Without national background checks, the board is unsure whether it 
will be able to license businesses, said Schulte, who said he had 
received conflicting legal advice about the issue.

A national background check isn't required by the ballot measure or 
in state statute, Schulte said, but one could argue that it is needed 
to satisfy the oft-cited Cole Memo, the Department of Justice's guide 
to states with commercial marijuana.

The national background check language was also added to Senate Bill 
165 -- a bill dealing mostly with alcohol regulations -- and that 
bill is in the Senate Rules Committee. Schulte said he was more 
optimistic that HB 75 would pass than the alternate bill.

Marijuana business attorney Jana Weltzin took issue with the stalling 
of applications until background checks are authorized.

"I think federal background checks are a great idea," Weltzin said, 
but the issue is a "red herring," given that background checks aren't 
required by state law.

"It's creating a misconception," Weltzin said.

Last year, the Legislature passed only one bill relating to 
marijuana, which authorized the creation of the Marijuana Control 
Board.
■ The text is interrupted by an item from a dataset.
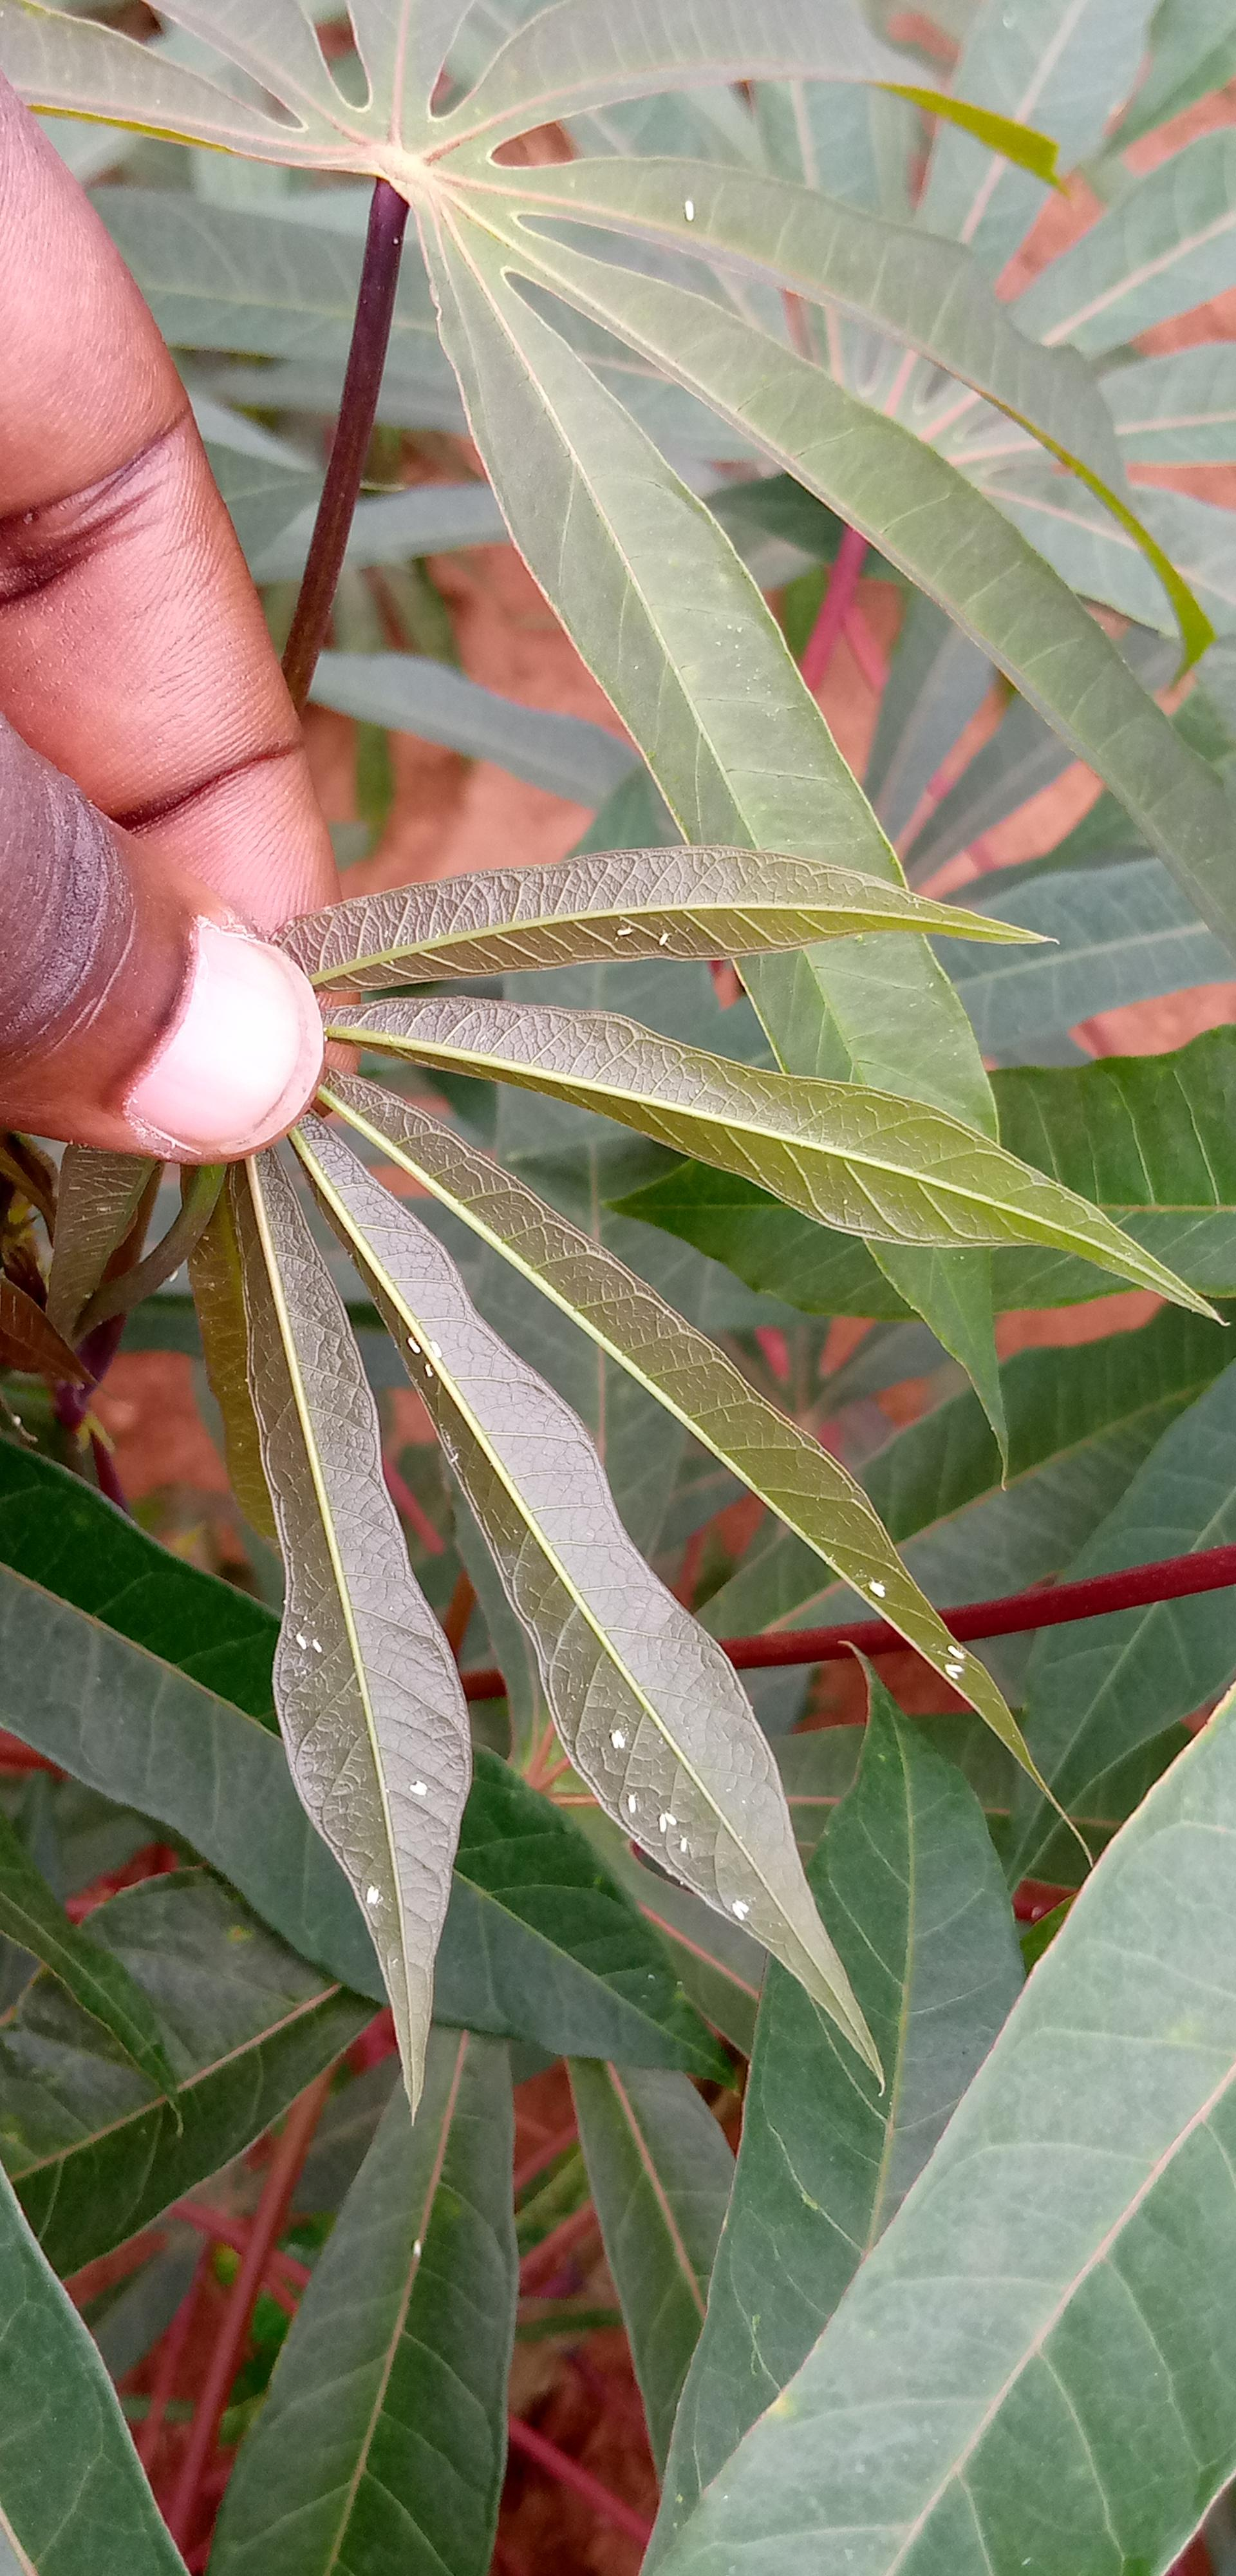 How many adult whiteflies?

22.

A provision added to the bill during the final days of the 
session prohibits anyone with a felony conviction within the last 
five years, or someone on probation or parole for a felony, from 
obtaining a marijuana business license.

"It's policy not to let criminals have marijuana licenses in Alaska," 
said board member Mark Springer. "So if we don't have a guarantee 
that somebody is not a criminal, then how, theoretically, would we be 
doing a service to the state by issuing licenses anyway?'

Should the bill pass, the approval of applications won't be delayed, 
Franklin said. The first cultivation and testing licenses are slated 
for approval in June. Franklin declined to comment on what would 
happen if national background checks weren't authorized, saying only 
that it needed to happen.

If the bill doesn't pass, business owners will seek legal action, 
Weltzin said. "The state is going to have a lawsuit on its hands. 
There's just no way around it."

Weltzin said that, as businesses are stalled, concern that the entire 
ballot measure may be repealed by the Legislature come January 2017 
grows. The Legislature can't make substantial changes to a ballot 
initiative until two years after it passes. The industry must prove 
its economic impact before then, Weltzin said, and that can't happen 
"if we aren't given the chance."

For now, it's up to the Legislature's conference committee to take 
the two versions of HB 75 and create something that at least two 
committee legislators from both the House and Senate can agree upon, 
according to the legislative rules. If they can't, a second committee 
will be formed that will have additional powers to write a whole new 
bill, if needed.

On the House side, the legislators working the compromise are Reps. 
Cathy Tilton, R-Wasilla, Charisse Millett, R-Anchorage, and Harriet 
Drummond, D-Anchorage. On the Senate side, Click Bishop, R-Fairbanks, 
Lesil McGuire, R-Anchorage, and Lyman Hoffman, D-Bethel, an outspoken 
supporter of opting the unorganized borough out of commercial 
marijuana, will take part in the committee.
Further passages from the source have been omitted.